Finding parts is going to be a pain. Is
everything correct so far?


----------



## Dave K (Nov 21, 2016)

Wow great find!!!!


----------



## pedal_junky (Nov 21, 2016)

I've got a nice mountain bike seat I'll trade straight across for that old one you have on there Cool find!


----------



## Maskadeo (Nov 21, 2016)

I wish I could find stuff like that on CL!


----------



## Jarod24 (Nov 21, 2016)

jacob9795 said:


> I found this '37 Auto-Cycle Deluxe carcass on Craigslist. The serial number begins with a U. I might make a mountain bike out of it...
> Finding parts is going to be a pain. Is
> everything correct so far?
> 
> ...




Wow!!!! You scored with that seat and fender bomb!!!!


----------



## jacob9795 (Nov 21, 2016)

Thanks for the compliments everyone.

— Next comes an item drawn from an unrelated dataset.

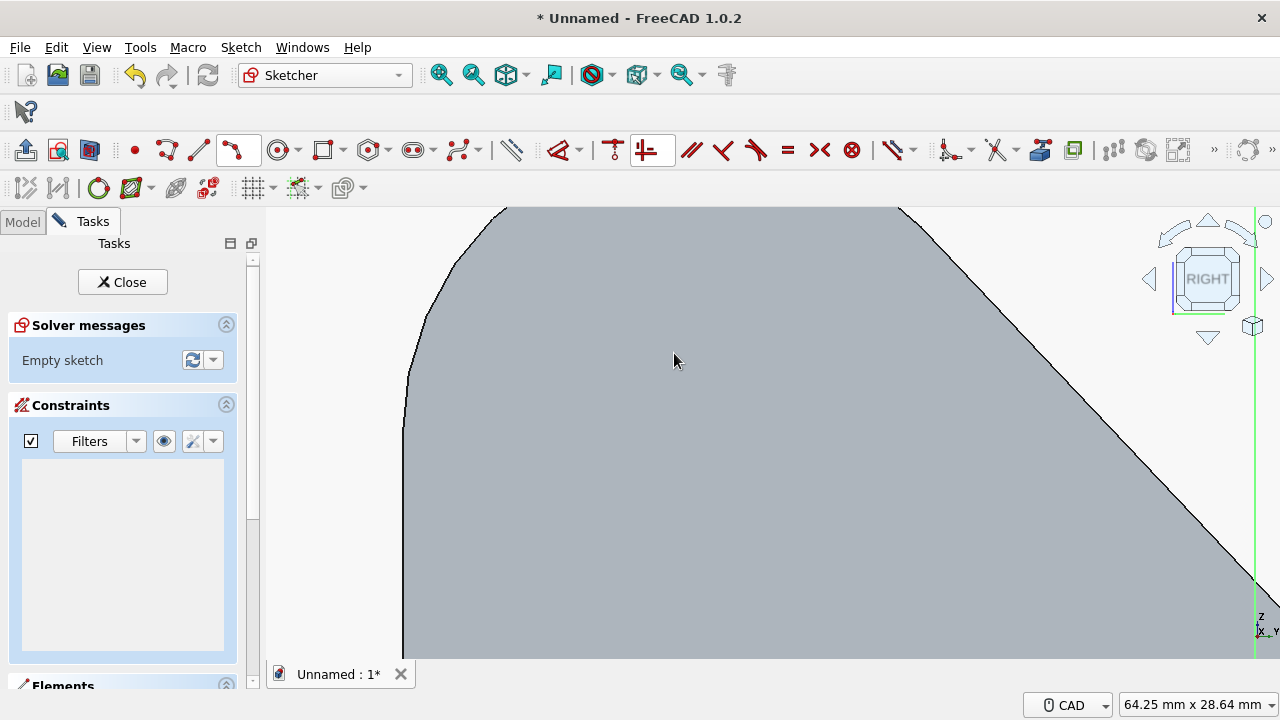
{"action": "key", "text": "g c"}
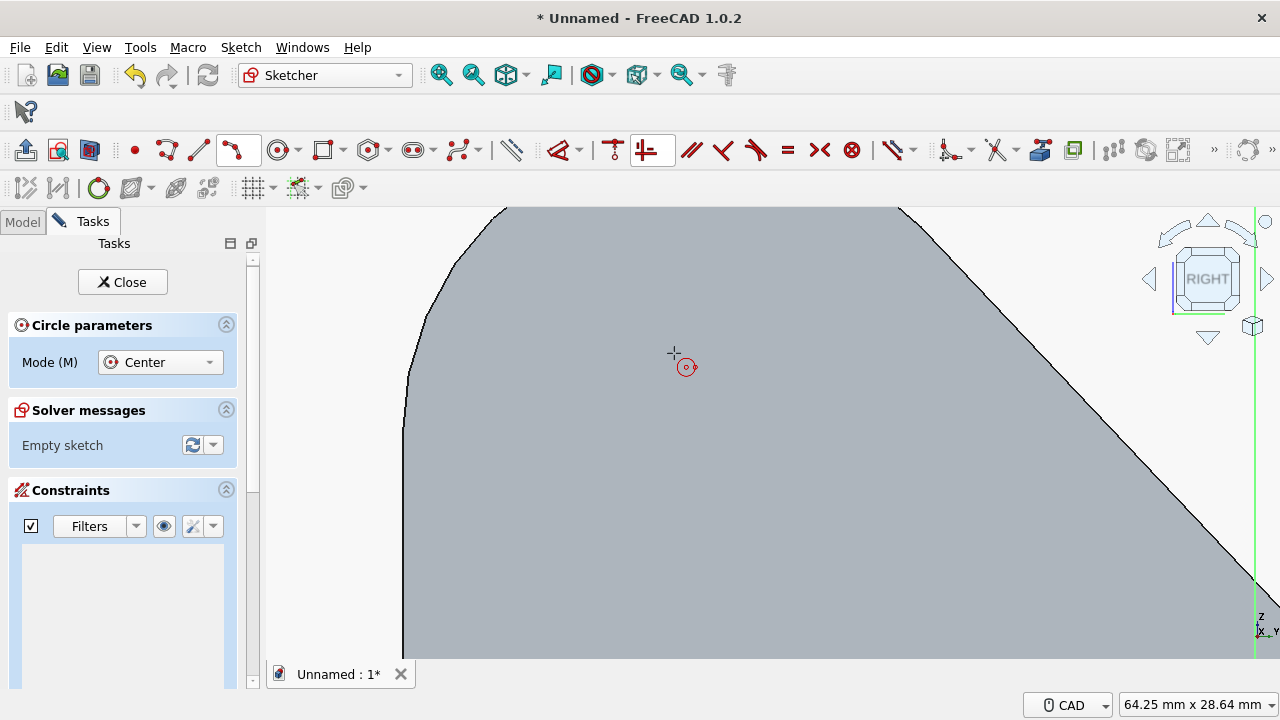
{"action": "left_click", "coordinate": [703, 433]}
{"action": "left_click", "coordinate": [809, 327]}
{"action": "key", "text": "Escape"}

If anyone has any missing pieces to my puzzle, please let me know.
Jake


----------



## Freqman1 (Nov 21, 2016)

I'm thinking that's a little too nice for a mountain bike. If I were you I'd sell the bike as-is and you could go buy a pretty nice mountain bike outright! V/r Shawn


----------



## jkent (Nov 21, 2016)

I'd be willing to make a very fair offer to keep from this being turned into a mountain bike.

JKent


----------



## syclesavage (Nov 21, 2016)

The seat and bomb themselves are rare finds, Oh and the bikes the plus of it.


----------



## jacob9795 (Nov 21, 2016)

Sorry, I'm keeping it folks. It's going to stay together.


----------



## Maskadeo (Nov 21, 2016)

Take good photos of the restoration. We want to see how it turns out!


----------



## WES PINCHOT (Nov 21, 2016)

GREAT FIND!
ARE YOU SERIOUS? YOUR PUTTING US ON "MOUNTAIN BIKE"?
I AGREE WITH FREGMAN1!
CLEAN IT UP AND RIDE IT!
YOU WILL BE THE TALK OF TOWN!
IF YOU TO GET THE LOCKING FORK WORK WORKING 
AND KEYED I CAN HELP YOU THERE.
WES wespinchot@yahoo.com


----------



## KingSized HD (Nov 21, 2016)

Very sweet find, and it's black...classic! Good job finding that score.


----------



## Barkeep (Nov 22, 2016)

Adjustable stem, Fender bomb, seat. Amazing Craigslist find

Sent from my SM-G925T using Tapatalk


----------



## videoranger (Nov 22, 2016)

Were you able to talk the price down since the bike is kinda beat up?


----------



## jacob9795 (Nov 22, 2016)

It's not beat up haha! Leave my bike alone 
Yes, I got a great deal on it.


----------



## Cooper S. (Dec 16, 2016)

I like the front drum brake, and the term you're looking for is klunker


----------



## VintageSchwinn.com (Dec 21, 2016)

I'll happily buy you a Klunker or a mountain bike and trade you 

Nice find!


----------



## jacob9795 (Dec 21, 2016)

I'm not into mountain biking, I'm just teasing. I'll peice this one back together and restore it back to factory specs.


----------